The weakest link in a chain is always the one that breaks, everyone knows this. Several popular TV shows are built on the concept of the weak link, finding it, and eliminating it each week to find the strongest competitor. Hacking a system is, in a lot of ways, the same. Run some test, poke the system with a stick, push on it, pull on it, and see where it gives – where it breaks. Securing a system is the same basic idea; however, instead of using that weak point to get inside, you eliminate it. Time and again, in system after system, network after network the human element is the most easily exploited point in a system’s security. I am not talking about users opening infected email or browsing infected web sites. I am talking about passwords. People always look for a way to use the simplest password to connect to a network, or email, or web site. I am as guilty as anyone else, but what if humans were not the weakest link anymore? What if we could forget about remembering a password to access a system?
If I don’t use a password how do I log in to my computer you ask? Biometrics… Bio-what? Oh yeah all that spy stuff that evil fictional governments use to protect their secrets and weapons. That’s all just fake, right? No, it’s real and it has been available in some form or other for years. There are thousands of laptops in use today with fingerprint readers on them. Several mouse manufacturers have sold mice with fingerprint readers on them at one time or another. USB fingerprint readers are available online right now for $20-$30. So, if this is old news that you can log into your computer with your fingerprint, what’s the big deal?
The big deal is facial recognition. At the Consumer Electronics Show earlier this year, several developers were showing off software that would let you log into your computer with your face. Cool, huh? Sit down, look at the camera, and your computer recognizes you and logs you in. Microsoft has integrated this feature into its new Xbox One — just look deeply into its cold digital eye and Xbox recognizes you.

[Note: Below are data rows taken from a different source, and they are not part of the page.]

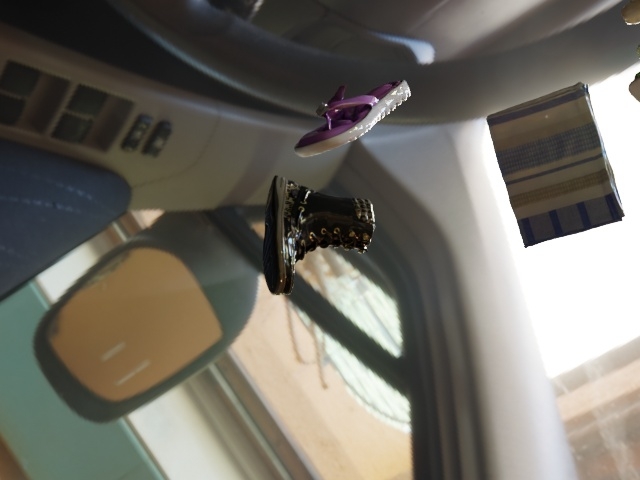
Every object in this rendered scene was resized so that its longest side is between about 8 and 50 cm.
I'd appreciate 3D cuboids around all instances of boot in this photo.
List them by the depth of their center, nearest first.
[{"bbox_3d":[0.000,-0.002,1.420,0.085,0.178,0.236,114,-19,-44],"label":"boot"}]

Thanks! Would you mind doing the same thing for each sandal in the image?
[{"bbox_3d":[0.055,-0.289,1.930,0.169,0.102,0.416,-15,-164,35],"label":"sandal"}]

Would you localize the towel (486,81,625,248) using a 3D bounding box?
[{"bbox_3d":[0.456,-0.147,1.716,0.209,0.285,0.034,-17,171,17],"label":"towel"}]

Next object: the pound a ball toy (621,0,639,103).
[{"bbox_3d":[0.663,-0.286,1.510,0.135,0.319,0.208,-37,-160,49],"label":"pound a ball toy"}]

It logs you into the system and loads your preferences, and you are ready to enjoy the system. Well this is a far cry from logging into my workstation at the office, isn’t it? Again, the future is here. There are companies today that have software that they will install on your computer — for example, KeyLemon has a free application that will log you into Windows using your face. KeyLemon can also manage your other passwords for sites like Facebook or Twitter. Face it — this is the evolution of computer security. At least that’s what I think. I think this technology will continue to evolve and that with Microsoft using it in their Xbox One to identify system users, we should expect to see this feature become part of the Windows login experience out of the box within the next year or two.